I followed Brian by giving a brief talk about the Chronicling America, which is the web front-end for data collected by National Digital Newspaper Program, which in turn is a joint project of the Library of Congress and the National Endowment for the Humanities. After giving a brief overview of the program, I described how we were naturally led to using Linked Data and embracing a generally RESTful approach by a few factors:

One thing that I learned during Brian’s presentation is that sites like Footnote are not only going around digitizing historic collections for inclusion in their service, but they also give their subscribers a rich editing environment to search and annotate document text. These annotations are exactly the sort of stuff that would be perfect to represent as and RDF graph, if you wanted to serialize the data. In fact the NSF funded Open Annotation Collaboration project is exploring patterns and emerging best practices in this area. I’ve had it in the back of my mind that allowing users to annotate page content in Chronicling America would be a really nice feature to have. If not at chroniclingamerica.loc.gov proper, then perhaps showing how it could be done by a 3rd party using the API. To some extent we’re already seeing annotation happening in Wikipedia, where people are creating links to newspaper pages and titles in their entries, which we can see in the referrer information in our web server logs. Update: and I just learned that wikipedia themselves provide a service that allows you to discover entries that have outbound links to a particular site, like chroniclingamerica.loc.gov.

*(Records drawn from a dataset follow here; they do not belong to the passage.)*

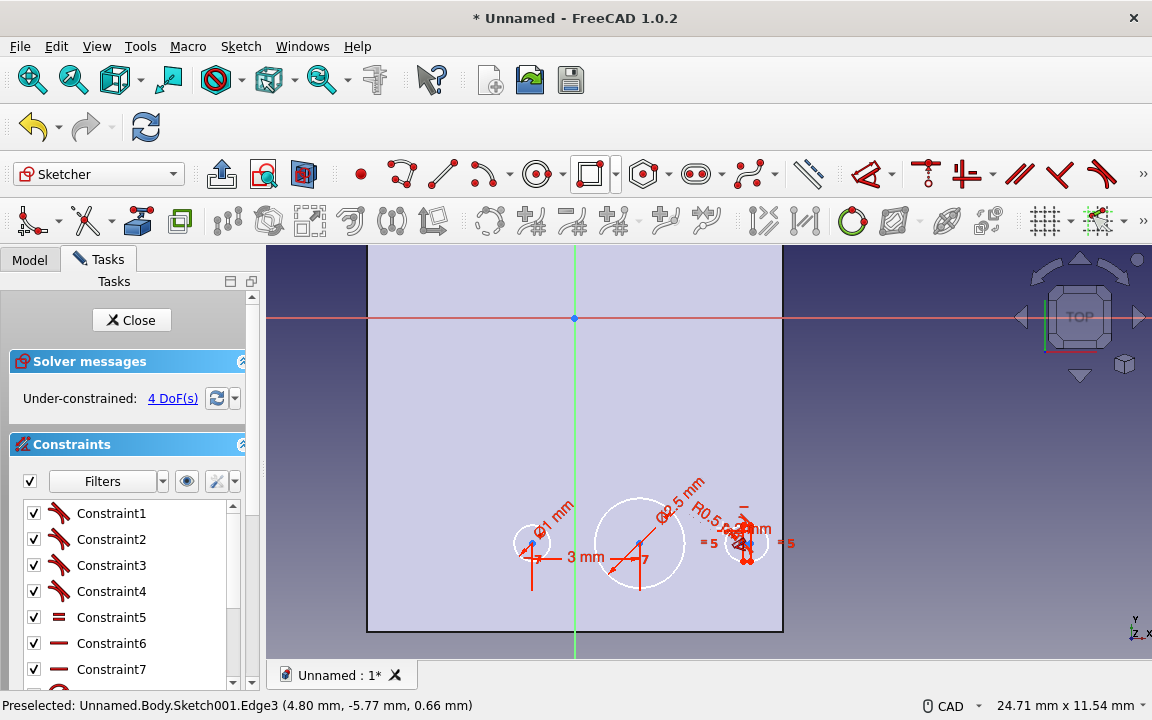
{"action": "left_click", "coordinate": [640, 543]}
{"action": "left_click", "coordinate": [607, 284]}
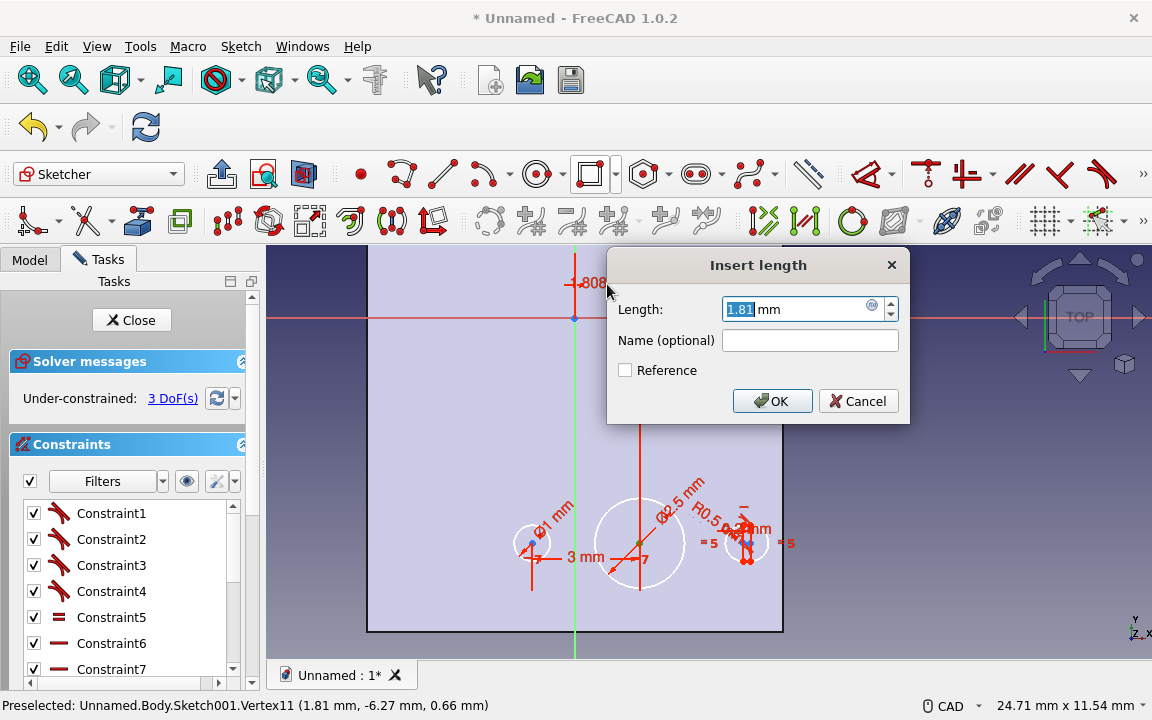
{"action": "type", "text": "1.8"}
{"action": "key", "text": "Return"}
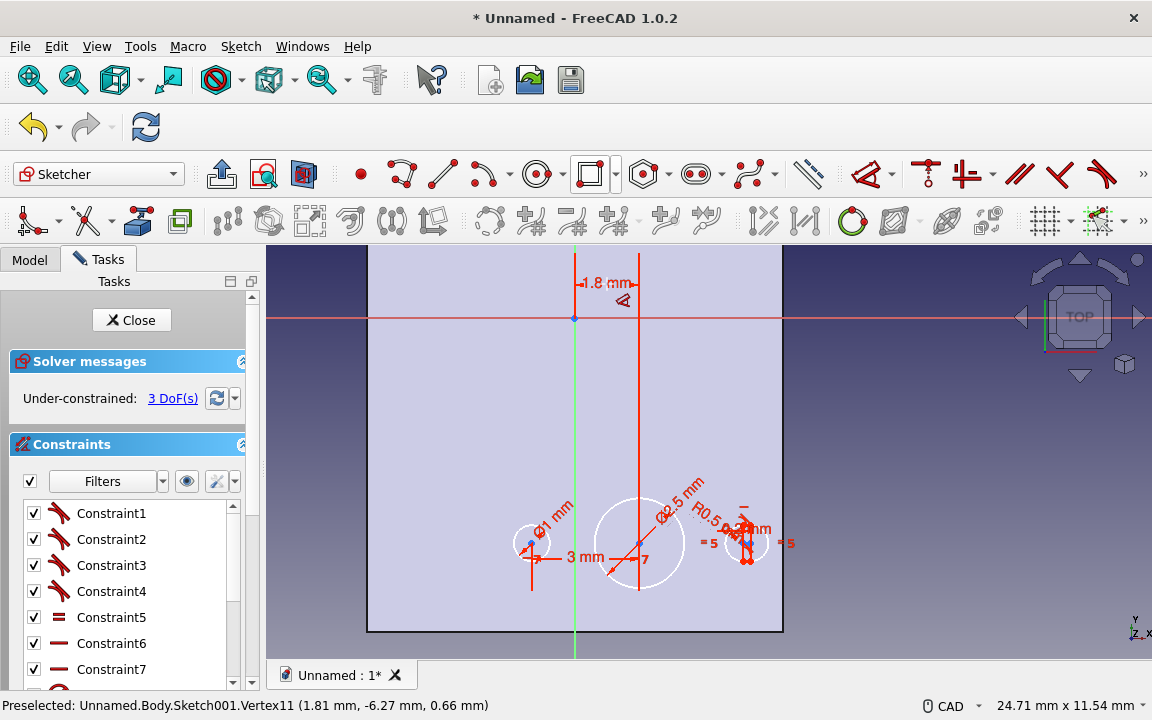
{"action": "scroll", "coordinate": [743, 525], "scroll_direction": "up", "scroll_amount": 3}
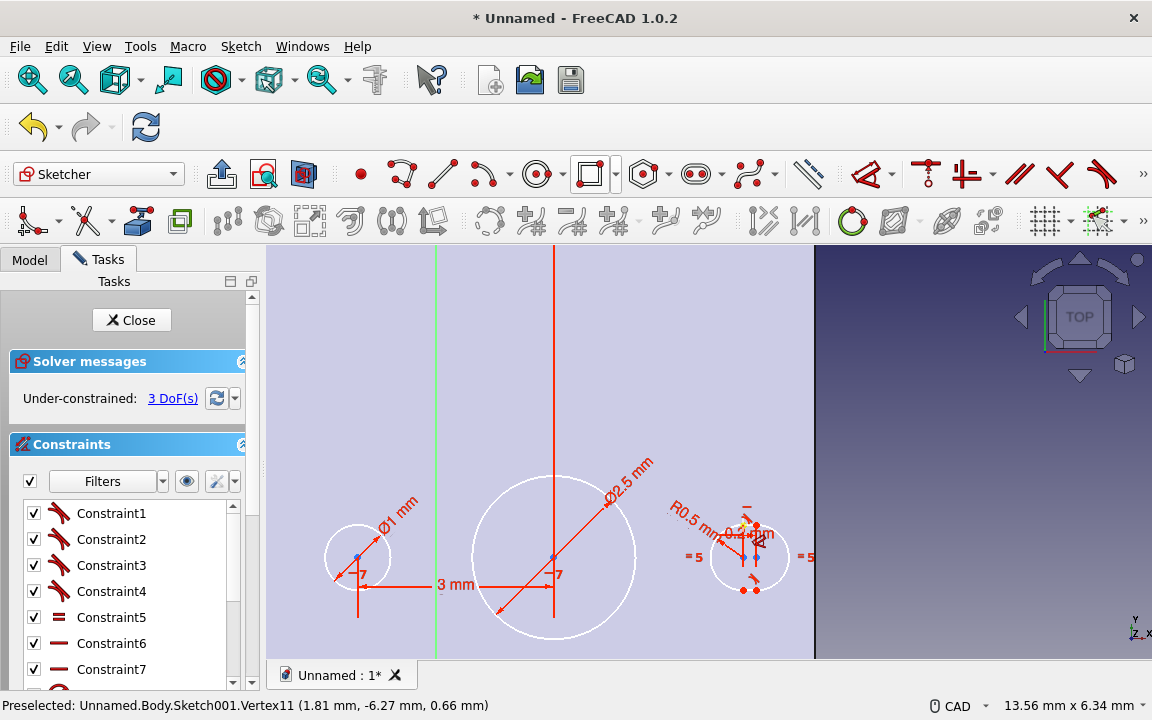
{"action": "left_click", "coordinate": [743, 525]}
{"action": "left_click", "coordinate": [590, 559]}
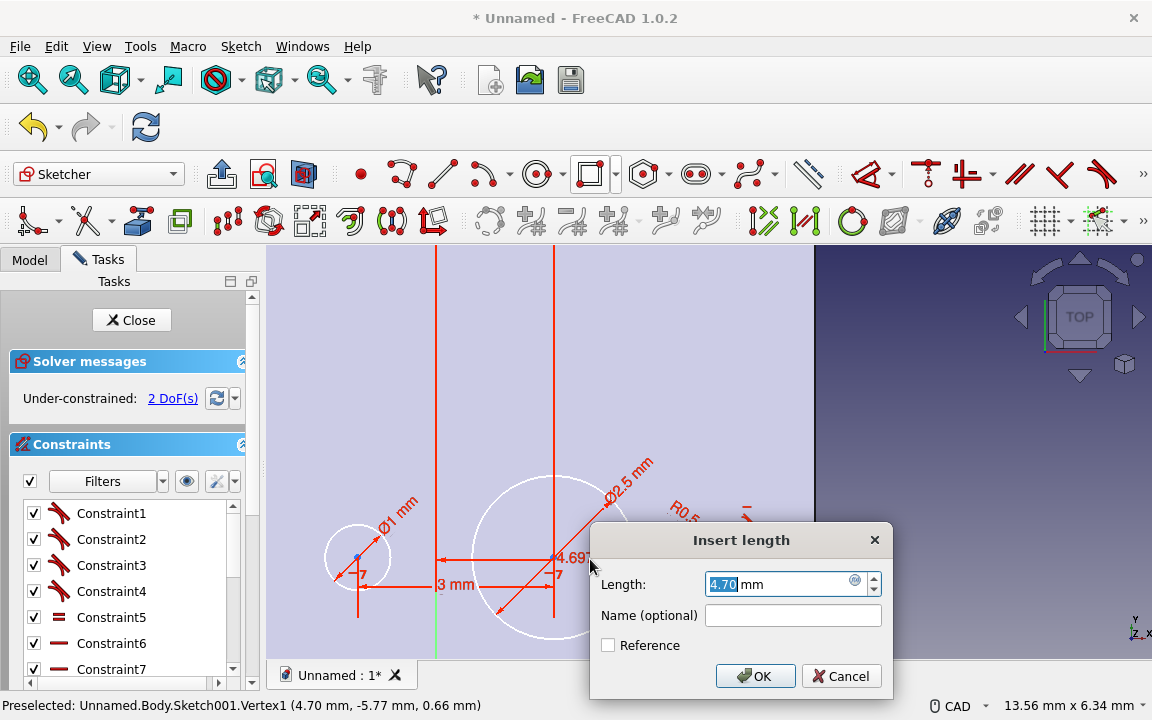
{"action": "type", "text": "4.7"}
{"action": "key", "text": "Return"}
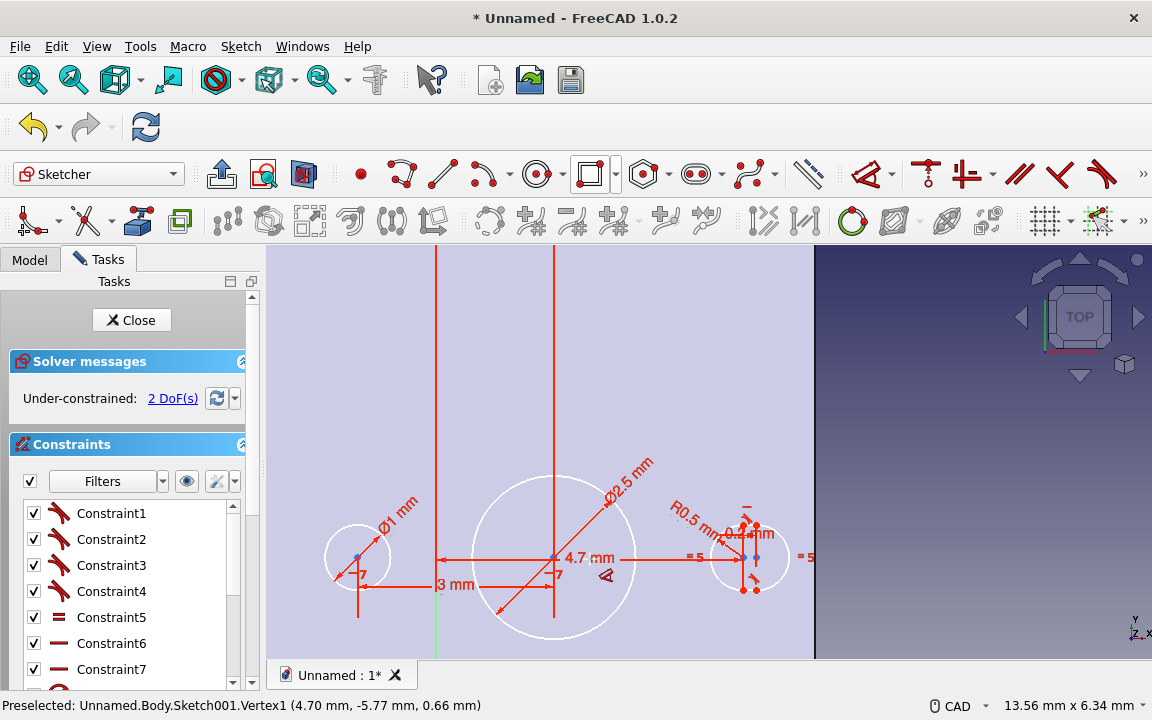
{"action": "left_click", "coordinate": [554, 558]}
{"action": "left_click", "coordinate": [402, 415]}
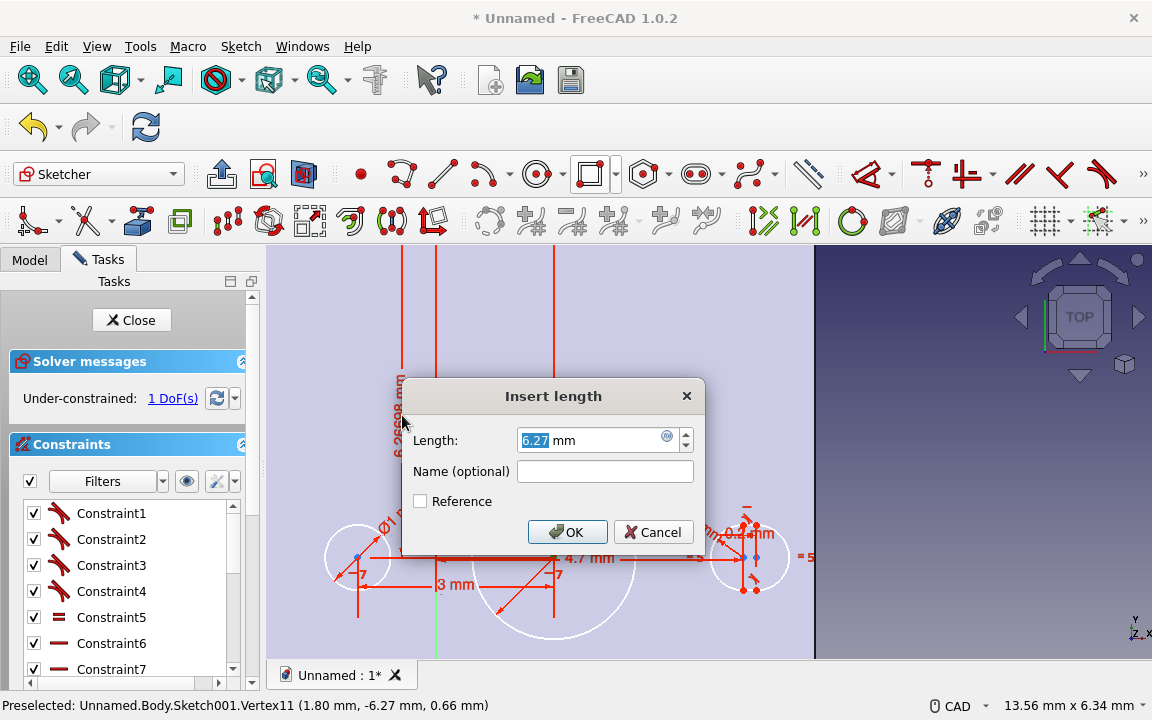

Speaking of the API (which really is just REST) if you are interested in learning more about it check out the API Document that Dan Chudnov prepared. I also made my slides available, hopefully the speaker notes provide a bit more context for what I talked about when showing images of various things.

Afterwards a bunch of us headed across the street to have a drink. I was really interested to hear from Sam Deng that (like the group I work in at LC) PBS are big Python and Django shop. We’re going to try to get a little brown bag lunch going on between PBS and LC to talk about their use of Django on Amazon EC2, as well as software like Celery for managing asynchronous task queues.

Also, after chatting with Glenn Clatworthy of PBS, I learned that he has been experimenting with making Linked Data views available for their programs. It was great to hear Glenn describe how assigning each program a URI, and leveraging the nature of the web would make a perfect fit for distributing data in the PBS enterprise. It makes me think that perhaps having a session on what the BBC are doing with Linked Data would be timely?